Logiciel modulaire  

Dans le cas de la centrale de filtrage d'eau ukrainienne, la crainte des autorités était la possibilité pour le logiciel de modifier les mesures des taux de chlore afin de rendre l'eau non-consommable. VPNfilter a été detecté en Ukraine quelques mois auparavant, le 23 mai 2018, et — selon les autorités — devait servir à opérer une attaque informatique de grande ampleur dans le pays au moment de la finale de la Ligue des Champions. Le logiciel malveillant seul n'est toutefois pas dangereux, tant qu'il n'a pas téléchargé des "modules" spécialisés : accès distants en ligne de commande, manipulation de fichiers, redémarrage des machines, connexion au réseau chiffré Tor et même recherche de systèmes SCADA (systèmes d'acquisition et de contrôle de données, technologie informatique industrielle pour la télémesure, ndlr).

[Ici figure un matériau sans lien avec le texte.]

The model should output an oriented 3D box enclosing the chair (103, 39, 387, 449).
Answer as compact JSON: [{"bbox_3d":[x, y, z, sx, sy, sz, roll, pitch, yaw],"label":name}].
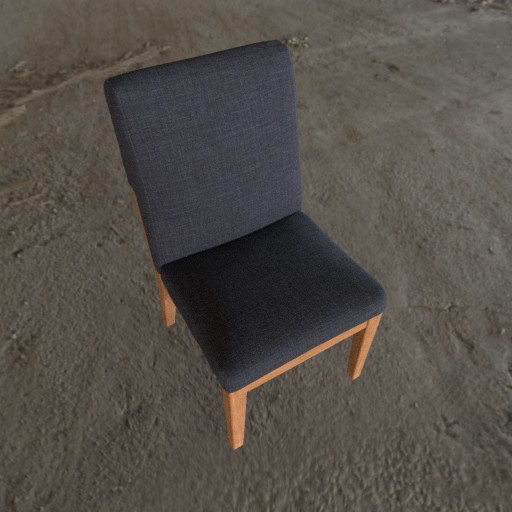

Contrôle des sites d'importance vitale ?

Le SBU n'a pas précisé si le VPNFilter découvert dans la centrale de filtrage des eaux avait pu télécharger ses "modules d'attaque" ou non. Ces modules étaient stockés sur plusieurs serveurs dont les noms de domaines ont été désactivés à la demande du FBI, dès la découverte du malware en mai dernier. Il n'en reste pas moins que logiciel malveillant a pu s'installer sur un centre d'importance vitale, la "Aul Chlorotransfer Station" ukrainienne, et était peut-être en état de nuire. Une autre attaque, en 2016 avait affecté plusieurs sites industriels du pays dont des centrales électriques à l'aide d'un autre malware, nommé BlackEnergy, et potentiellement programmé… par la même équipe de spécialistes. Dans le cas de VPNFilter, la Russie est encore une fois pointée du doigt par la justice américaine qui estime que le groupe APT28 connu aussi sous le nom de Fancy Bear — composé de spécialistes de l'armée russe — serait à l'origine de ce programme malveillant. 

IoT ou IoV ?

Au delà de la Russie et des ses équipes de militaires-pirates informatiques, c'est l'Internet des Objets qui commence à être mis en cause dans ces multiples affaires de malware s'attaquant à des sites industriels : VPNFilter s'installe sur des matériels équipés de BusyBox, un gestionnaire en ligne de commande très utilisé pour les objets connectés, telles les "Box" de la plupart des fournisseurs d'accès Internet en France.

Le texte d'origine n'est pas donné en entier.